2011年7月9日的吉隆坡,风声鹤唳、草木皆兵。

这一天,是‘干净与公平选举联盟’(简称净选盟)举办大游行的日子,主办当局呼吁支持者身穿黄衣以示支持。而警方,则千方百计阻止这场据说会引起动乱的活动。

当天,许多城里的人尽量往城外跑,或者躲在家里做小乖乖。
城外,却也有许多人抱着‘我不入地狱,谁入地狱?’的心态,誓要进城去当历史的见证人。

当时,我带着两个女儿,为了和亲友相聚,留在雪隆一带已经九天了。没有汽车代步,有时只好乘德士。在德士上,不免和司机闲聊几句,顺便练习一下我的马来话。

一位印裔司机说:“乱什么乱?是谁在乱?警察不来的话就不会乱!”我点头附和。
另一位马来司机则说:“这些人,全都疯了!搞什么示威游行?商家怎么做生意?游客也不敢来了!大家不用找吃啊?”我只好打哈哈。

当天和朋友相聚时,大家竞相报告哪里有警察block车、什么大道什么地区大塞车等。还有朋友说:“我的朋友成功入城了!”在这一刻,‘入城’是别有意义的。

回想多年前在双溪威和蒲种的‘抗议白蒲大道起价’的示威活动上,我都人在现场,没有摇旗呐喊,只是静静观察、默默支持,该退时就退,该走时就走。

这一次,我自己带着两个女儿,不敢轻举妄动,深怕一个不小心就回不了美国。如果你要说我贪生怕死,我不会怪你。

我也还要留着一口气,参加当晚的中学同学聚餐会。聚会本来在7月2日举行,但大部分同学当天有事,只好延迟一周。

起初大家也担心:709这个日子‘安全’吗?我们的聚会会受净选盟大游行的‘连锁反应’影响吗?
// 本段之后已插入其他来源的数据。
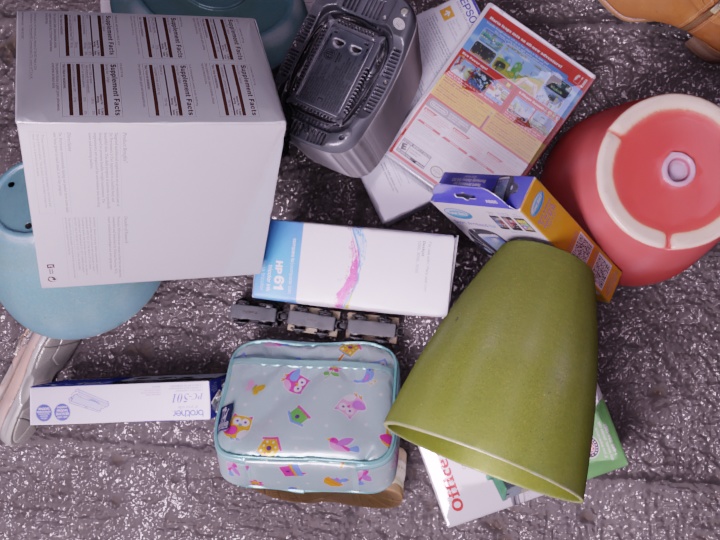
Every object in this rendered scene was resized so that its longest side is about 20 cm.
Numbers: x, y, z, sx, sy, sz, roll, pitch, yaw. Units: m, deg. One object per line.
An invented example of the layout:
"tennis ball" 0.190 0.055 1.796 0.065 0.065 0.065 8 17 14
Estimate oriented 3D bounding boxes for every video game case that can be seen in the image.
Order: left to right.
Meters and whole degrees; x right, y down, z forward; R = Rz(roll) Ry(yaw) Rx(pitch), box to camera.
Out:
"video game case" 0.138 -0.167 0.846 0.143 0.017 0.201 36 90 5

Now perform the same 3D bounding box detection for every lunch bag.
"lunch bag" -0.056 0.147 0.829 0.198 0.077 0.161 3 50 4

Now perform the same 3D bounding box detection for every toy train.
"toy train" -0.048 0.058 0.879 0.198 0.046 0.034 7 84 7

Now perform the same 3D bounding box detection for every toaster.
"toaster" -0.012 -0.179 0.794 0.113 0.129 0.201 24 86 16

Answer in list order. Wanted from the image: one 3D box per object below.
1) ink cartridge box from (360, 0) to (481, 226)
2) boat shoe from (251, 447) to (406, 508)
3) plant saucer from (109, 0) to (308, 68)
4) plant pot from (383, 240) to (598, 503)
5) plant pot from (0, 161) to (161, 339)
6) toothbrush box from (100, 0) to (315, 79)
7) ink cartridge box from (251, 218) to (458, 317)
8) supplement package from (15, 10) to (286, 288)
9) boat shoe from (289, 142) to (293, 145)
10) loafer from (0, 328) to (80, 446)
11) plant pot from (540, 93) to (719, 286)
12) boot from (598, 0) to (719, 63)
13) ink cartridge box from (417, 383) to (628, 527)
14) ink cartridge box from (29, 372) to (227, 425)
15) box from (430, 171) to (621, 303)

于是,我们决定避开吉隆坡而选择在附近的八打灵举行聚餐会。最后,同学会成功进行,也没有同学因为塞车而迟到。

当晚虽然只有十来位同学出席(还有5位小朋友,不,应该说是‘年轻人’,呵呵),但大家谈笑风生话当年,还不时爆笑连连,不因岁月流逝而出现隔阂。

我们的最后一次聚会,是两年多前我赴美前夕为我举行的践行会。这次是我第一次回乡,大家借此相聚,非常感谢大家的盛意和友情。

709净选盟大游行没有造成所谓的暴乱,却展现了大马人民欲改革的强烈意愿。被逮捕的勇士,早已作了心里准备。活动泛起的涟漪,不容你我小觑。在美国两年多,比较之下,觉得大马的选举制度还真‘荒唐’。

而我们709的同学会,不想也不须要改革什么,大家只想缅怀当年的青春岁月,延续我们30年有余的友情,为大家的友谊保温。